Unnamed: 0,order_id,product_id,qty
0,0,8048,9
1,1,8110,5
2,1,8051,9
3,1,8032,4
4,1,8091,4


In [9]:
pd.read_sql_query("SELECT count(*) FROM order_product WHERE product_id = 8000", conn)
# a good amount of orders involving product 8000

Unnamed: 0,count
0,48


In [10]:
pd.read_sql_query("SELECT max(product_id), min(product_id) FROM order_product", conn)
#confirm 8000 is the only extraneous product_id 

Unnamed: 0,max,min
0,8149,8000


In [11]:
# notably missing - total $ spent in an order

# Questions

In [12]:
# List the 10 most expensive products for sale, and their prices
pd.read_sql_query("SELECT * FROM product ORDER BY price DESC LIMIT 10", conn)
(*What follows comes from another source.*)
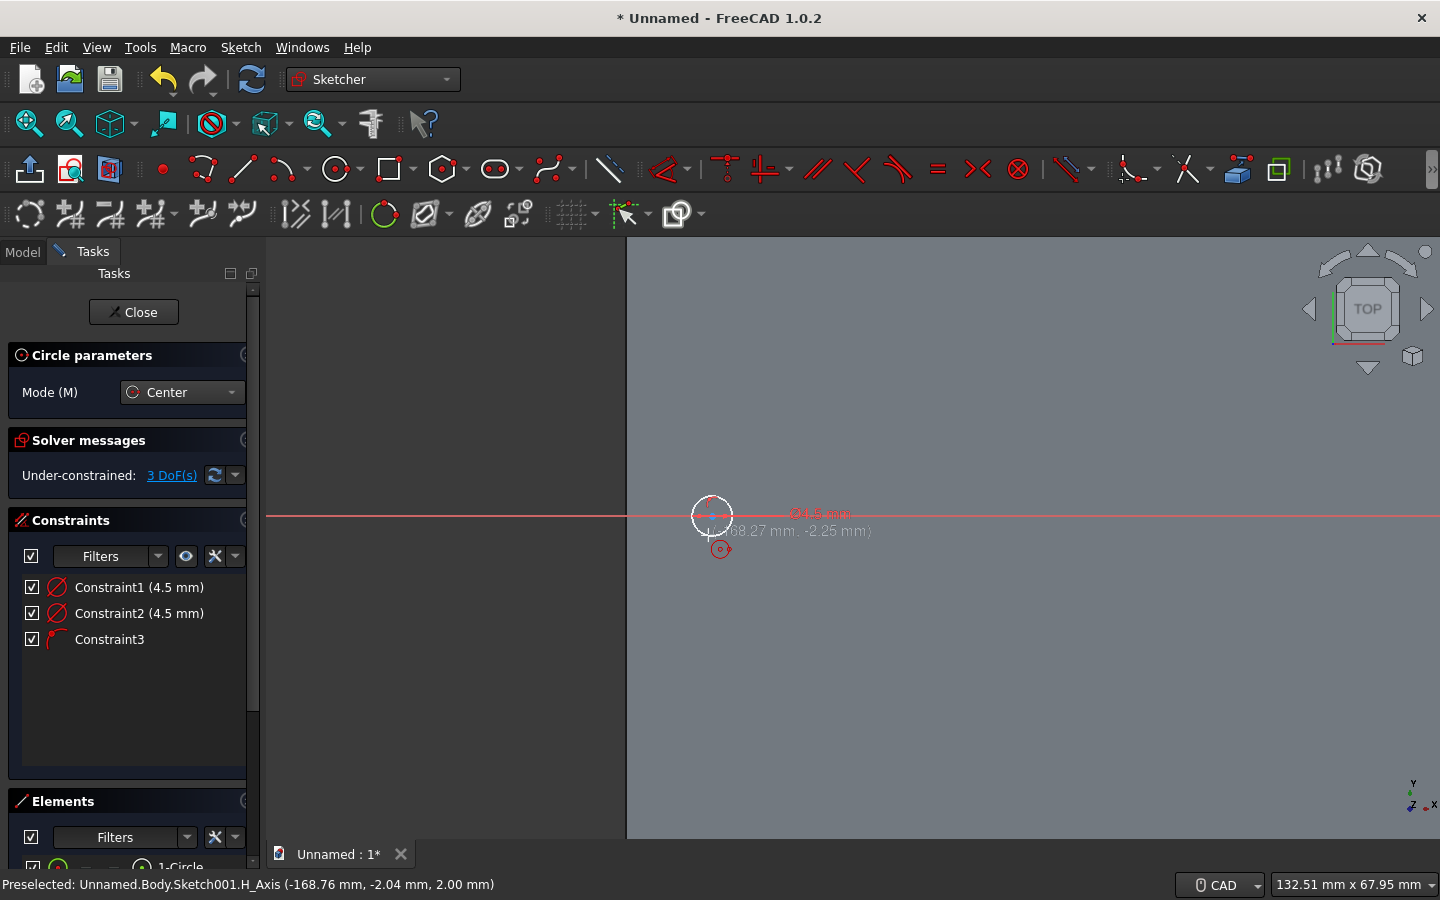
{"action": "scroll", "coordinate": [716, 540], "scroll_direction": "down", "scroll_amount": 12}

Unnamed: 0,product_id,product_name,price
0,8028,Incredible Granite Keyboard,115.0
1,8112,Ergonomic Concrete Cheese,114.0
2,8134,Fantastic Steel Towels,113.0
3,8002,Ergonomic Granite Soap,113.0
4,8035,Generic Concrete Soap,113.0
5,8091,Sleek Frozen Shirt,113.0
6,8009,Generic Metal Hat,113.0
7,8130,Small Metal Bike,112.0
8,8057,Awesome Metal Salad,111.0
9,8051,Handcrafted Frozen Pants,110.0


In [13]:
# Which states have more than 5 customers? Use the state column on the customer table. Count each customer on the table, regardless of whether they have ever bought anything.
pd.read_sql_query('''
SELECT state,
count(customer_id) 
FROM customer
GROUP BY state 
HAVING count(customer_id) > 5 
ORDER BY count DESC''', conn)
# HAVING has access to aggregate functions but not SELECT aliases
# ORDER for SQL execution
# 1. FROM 2. ON 3. OUTER 4. WHERE 5. GROUP BY 6. CUBE | ROLLUP 7. HAVING 8. SELECT 9. DISTINCT 10 ORDER BY 11. TOP

Unnamed: 0,state,count
0,AL,9
1,WY,8
2,IL,7
3,WV,7
4,FL,6
5,MS,6
6,ME,6


In [14]:
# Get the 17 customers that have made the largest number of orders. Include the name, address, state, and number of orders made.
pd.read_sql_query('''
SELECT c.name,
c.address,
c.state,
count(o.order_id) as num_orders
FROM customer c
JOIN customer_order o
ON c.customer_id = o.customer_id
GROUP BY 1,2,3 
ORDER BY num_orders DESC
LIMIT 17''', conn)

Unnamed: 0,name,address,state,num_orders
0,Joseph Ponce,93874 Esparza Mountain,KS,19
1,Andrew Fischer,7764 Brown Divide,ME,18
2,Sabrina Foster,5075 Mullins Drive Apt. 298,MD,17
3,George Davis MD,439 Chan Route,IL,16
4,Benjamin Brown,598 Moore Ports,TN,16
5,Eric Erickson,7751 Clark Lane,VA,15
6,Michelle Wright,565 Manuel Road Suite 343,IN,15
7,Emily Fritz,918 Renee Lights,AL,15
8,Jessica Burke,68160 Amanda Pike,NM,15
9,Edgar Perry,333 Jenna Bridge,AL,15


In [15]:
# Get all orders by customer 1026. Include the amount spent in each order, the order id, and the total number of distinct products purchased.
# 1. join order_product and product to calc quantity x price
# 2. join customer order to order_product to get all products ordered (count and sum) 

In [16]:
# filter to only orders made by customer 1026 
pd.read_sql_query("SELECT * FROM customer_order WHERE customer_id = 1026", conn)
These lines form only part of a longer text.